■ THE TASK ■
Exclude every picture. Output verbatim the lines from the one containing "#3 car (1845,587,1919,674)" to the end of the data.

________________________

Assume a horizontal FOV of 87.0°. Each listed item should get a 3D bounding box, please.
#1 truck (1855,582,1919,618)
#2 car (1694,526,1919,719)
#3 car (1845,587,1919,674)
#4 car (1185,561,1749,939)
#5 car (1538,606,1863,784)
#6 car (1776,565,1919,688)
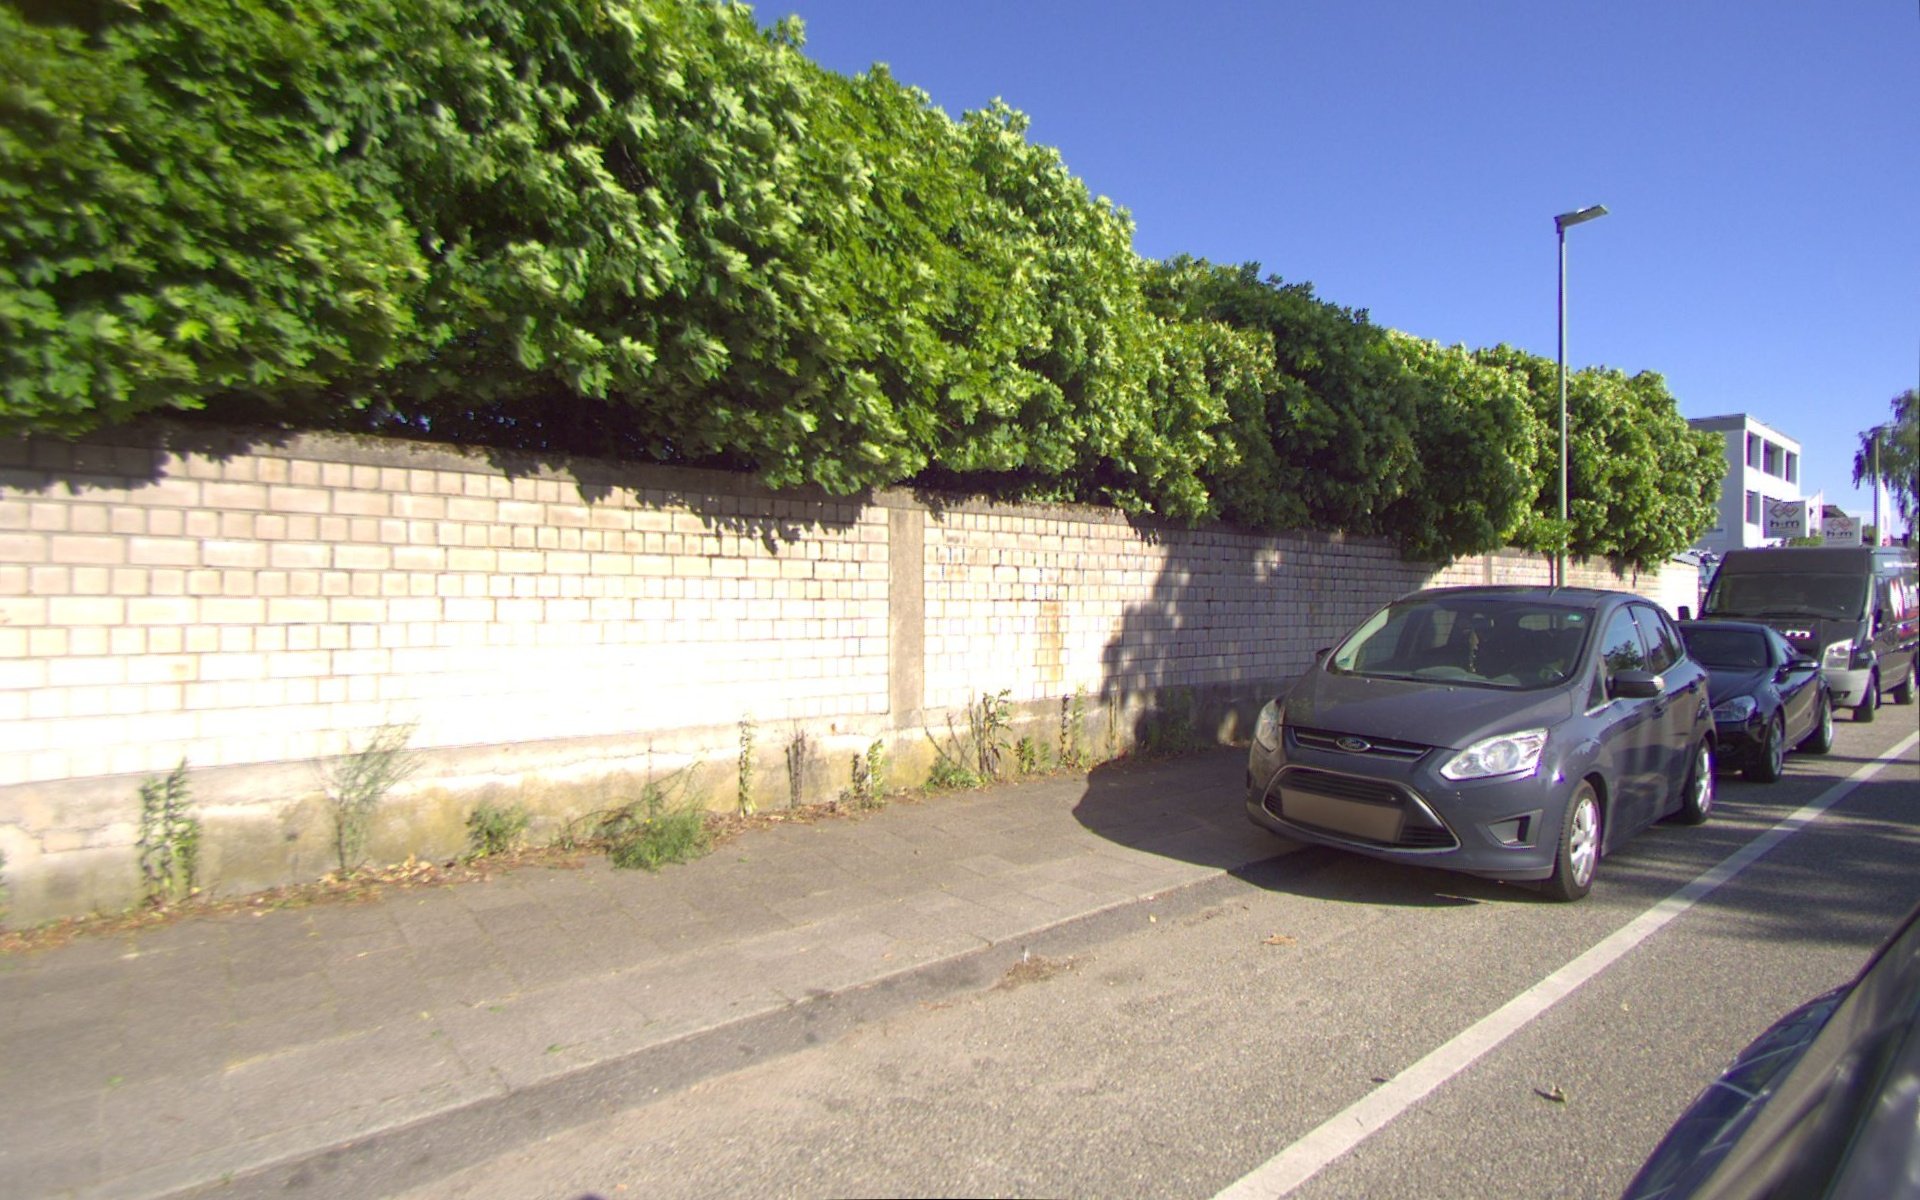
[{"bbox_3d":[66.779,-0.008,71.929,4.343,2.497,1.982,1,0,26],"label":"truck"},{"bbox_3d":[12.271,0.249,14.326,5.054,2.288,1.896,0,1,-40],"label":"car"},{"bbox_3d":[21.098,0.590,22.250,4.827,1.766,1.804,-1,-1,-41],"label":"car"},{"bbox_3d":[3.385,0.663,6.384,4.130,1.634,1.684,0,-1,-40],"label":"car"},{"bbox_3d":[7.307,0.750,9.835,4.031,1.335,1.658,0,1,-40],"label":"car"},{"bbox_3d":[16.535,0.402,18.311,4.834,1.950,1.896,0,1,-40],"label":"car"}]

________________________

■ ANSWER SPACE ■
#3 car (1845,587,1919,674)
#4 car (1185,561,1749,939)
#5 car (1538,606,1863,784)
#6 car (1776,565,1919,688)
[{"bbox_3d":[66.779,-0.008,71.929,4.343,2.497,1.982,1,0,26],"label":"truck"},{"bbox_3d":[12.271,0.249,14.326,5.054,2.288,1.896,0,1,-40],"label":"car"},{"bbox_3d":[21.098,0.590,22.250,4.827,1.766,1.804,-1,-1,-41],"label":"car"},{"bbox_3d":[3.385,0.663,6.384,4.130,1.634,1.684,0,-1,-40],"label":"car"},{"bbox_3d":[7.307,0.750,9.835,4.031,1.335,1.658,0,1,-40],"label":"car"},{"bbox_3d":[16.535,0.402,18.311,4.834,1.950,1.896,0,1,-40],"label":"car"}]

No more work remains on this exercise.